= SOURCE DATA =
- - - - - - -

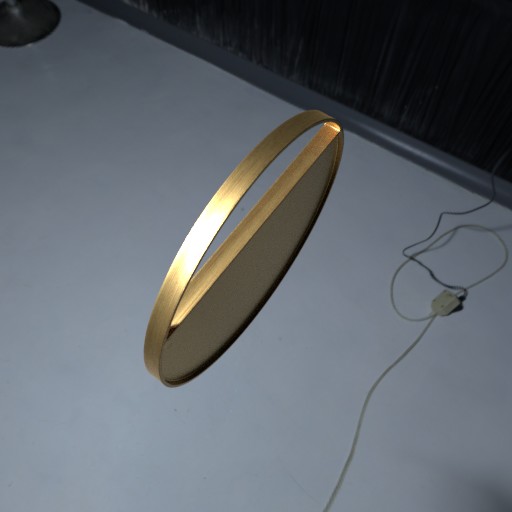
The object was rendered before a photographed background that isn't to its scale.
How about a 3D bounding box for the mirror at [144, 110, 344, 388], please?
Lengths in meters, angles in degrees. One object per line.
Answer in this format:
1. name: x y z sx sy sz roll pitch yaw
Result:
1. mirror: 0.000 0.000 0.841 0.032 0.565 0.565 33 68 15
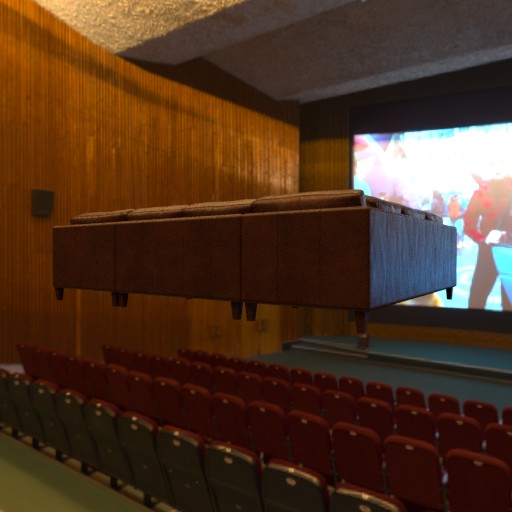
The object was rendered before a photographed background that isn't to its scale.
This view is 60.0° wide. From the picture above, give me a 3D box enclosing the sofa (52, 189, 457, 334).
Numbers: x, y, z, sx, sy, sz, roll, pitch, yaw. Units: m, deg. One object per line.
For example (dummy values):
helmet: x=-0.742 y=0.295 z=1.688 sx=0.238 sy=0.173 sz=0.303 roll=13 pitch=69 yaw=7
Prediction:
sofa: x=0.000 y=0.000 z=4.507 sx=3.324 sy=0.891 sz=2.452 roll=0 pitch=0 yaw=35
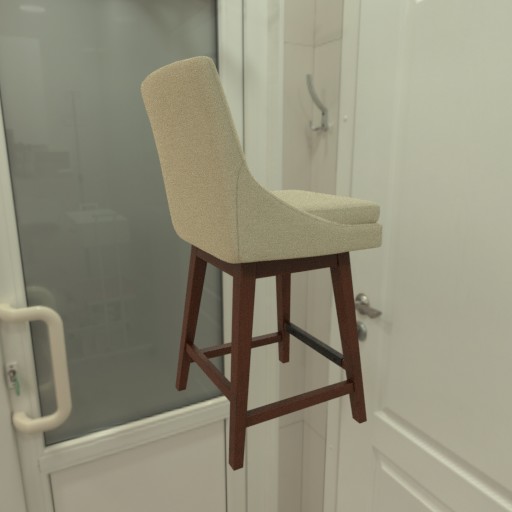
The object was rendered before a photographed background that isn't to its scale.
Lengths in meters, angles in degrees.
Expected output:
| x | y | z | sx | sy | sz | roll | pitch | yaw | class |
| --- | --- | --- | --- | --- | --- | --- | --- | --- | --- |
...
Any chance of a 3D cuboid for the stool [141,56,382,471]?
| x | y | z | sx | sy | sz | roll | pitch | yaw | class |
| --- | --- | --- | --- | --- | --- | --- | --- | --- | --- |
| 0.000 | 0.000 | 1.304 | 0.559 | 0.991 | 0.469 | -7 | 16 | -28 | stool |
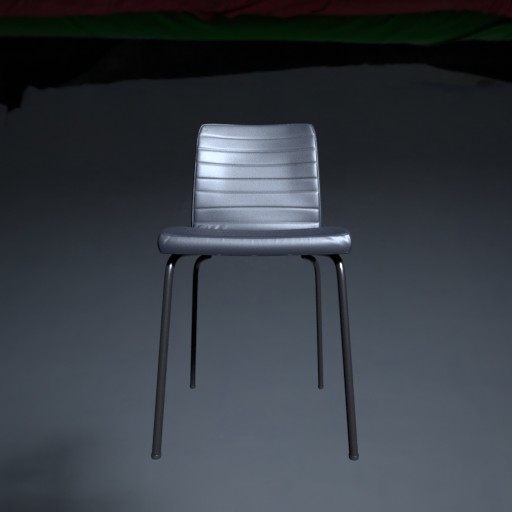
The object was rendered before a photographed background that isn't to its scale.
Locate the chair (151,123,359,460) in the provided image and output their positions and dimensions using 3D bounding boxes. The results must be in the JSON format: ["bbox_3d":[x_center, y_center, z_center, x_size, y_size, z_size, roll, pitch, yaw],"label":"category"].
[{"bbox_3d":[0.000,0.000,1.230,0.450,0.872,0.572,0,1,1],"label":"chair"}]
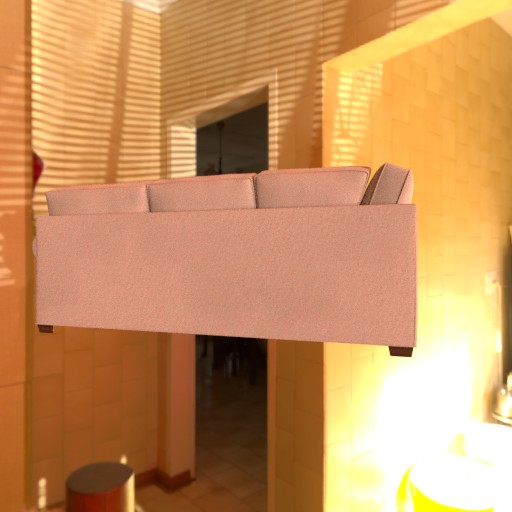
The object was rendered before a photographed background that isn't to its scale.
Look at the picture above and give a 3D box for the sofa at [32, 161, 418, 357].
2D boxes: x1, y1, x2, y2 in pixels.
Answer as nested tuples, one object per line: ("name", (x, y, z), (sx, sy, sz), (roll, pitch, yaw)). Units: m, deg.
("sofa", (0.000, 0.000, 3.851), (2.562, 1.053, 2.487), (0, 0, 18))
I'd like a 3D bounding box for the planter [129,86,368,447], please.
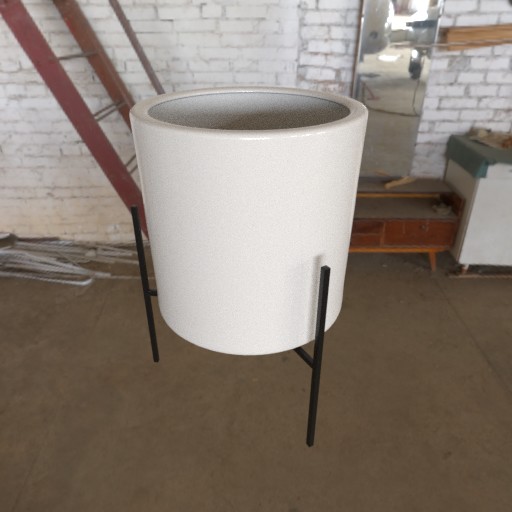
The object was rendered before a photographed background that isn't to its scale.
[{"bbox_3d":[0.000,0.000,0.646,0.307,0.431,0.308,19,34,29],"label":"planter"}]
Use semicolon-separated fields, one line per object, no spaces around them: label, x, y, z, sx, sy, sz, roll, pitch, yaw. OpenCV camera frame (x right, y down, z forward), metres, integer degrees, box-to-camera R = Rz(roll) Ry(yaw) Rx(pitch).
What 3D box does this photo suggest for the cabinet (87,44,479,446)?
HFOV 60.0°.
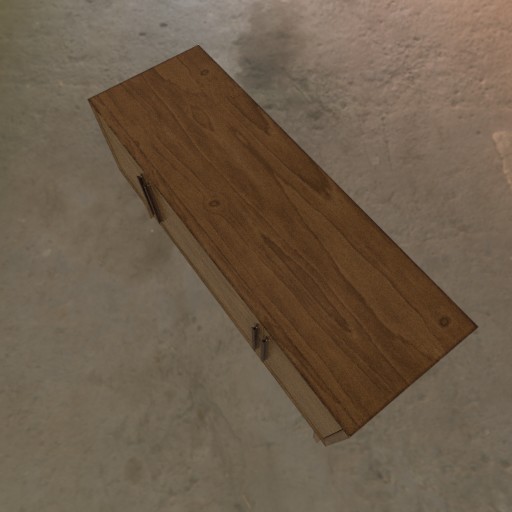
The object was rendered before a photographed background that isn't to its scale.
cabinet;0.000;0.000;1.726;0.477;0.802;1.363;-34;69;-15

- - - - - - -

= DESCRIPTION OF THE TASK =
Starting at the first line of the listing above, write out each line exactly and nothing else until you reach the line containing "Answer in this", which is included as well; omit all pictures.

= OUTPUT OF THE EXERCISE =
The object was rendered before a photographed background that isn't to its scale.
How about a 3D bounding box for the mirror at [144, 110, 344, 388], please?
Lengths in meters, angles in degrees. One object per line.
Answer in this format:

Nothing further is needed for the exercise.